To make the yucca look beautiful, you need to find the cause of the trouble and eliminate it, you may need to transplant a plant:
- Brown spots appeared on the leaves - dry air, lack of moisture, cold strong wind.
- Light spots - sunburn.
- Falling leaves - the consequences of plant transplantation, or hypothermia.
- The lower leaves of the garden yucca turn yellow - this is a natural process, if not widespread.
- Decay of the growth point - improper planting, dense soil, overflow.
- Brown spots on the leaves have yellowish convex edges - anthracnose.
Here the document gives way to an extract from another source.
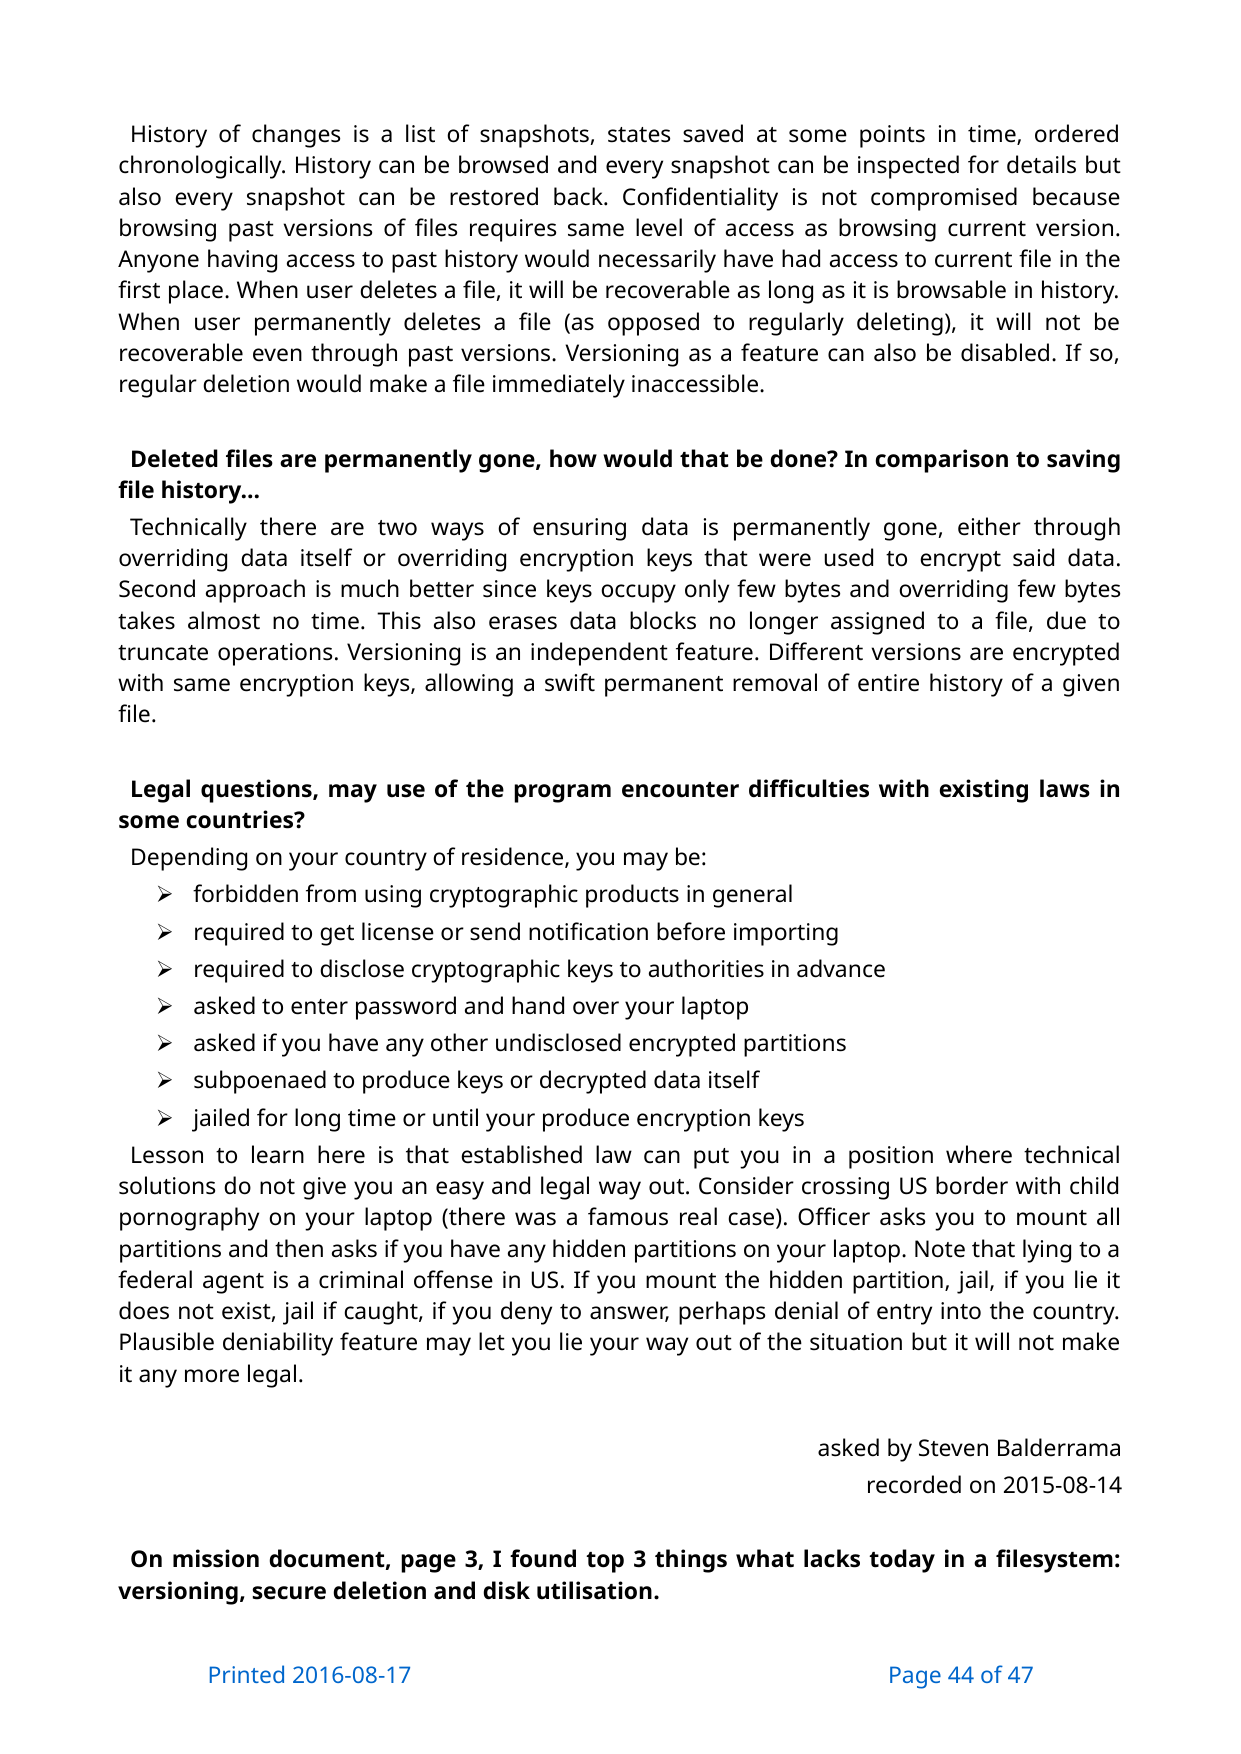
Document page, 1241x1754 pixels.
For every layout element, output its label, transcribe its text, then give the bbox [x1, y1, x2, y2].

Over time, the marks fade. The affected leaves are removed and destroyed, the yucca is treated with an appropriate fungicide. Watering is limited.
Among the pests, the plant is most annoyed by:
- Snails and slugs. It is necessary to reduce the watering of the plant, as these pests love damp places. Sprinkle soil with metaldehyde insecticide.
Important! Some gardeners complain that the drug does not work. If you follow the instructions, the result is 100%. There is no need to save and everything will be fine.
- The leaves of the plant are covered with convex brownish outgrowths, similar to oblong ovals about 2 mm long. If it is difficult to clean them off with a fingernail, then this is a shield. At the initial stage, you can try to treat the plant with insecticides, for example, Angio or Calypso. With a strong infection, it is almost impossible to fight the scabbard on the yucca - it hides at the base of the outlet. It may be necessary to destroy not only the affected bush, but also the neighboring ones. It is good that the scale insect rarely affects the garden yucca.
- When overflowing, fluffy white lumps may appear at the base of the leaves - this is a mealybug. Plants are treated with insecticide (from pests) and fungicide (from rot, which usually accompany waterlogging). Reduce watering, remove dried leaves. If necessary, thin out the landing.
Other pests can also affect yucca, this happens infrequently and is treated by spraying with appropriate insecticides.
Important! A healthy, properly planted plant rarely gets sick and is affected by pests.
Planting garden yucca and caring for it does not present any difficulties even in cool climates. The main thing is to choose the right place and not "stifle" the plant with your care - watering and feeding.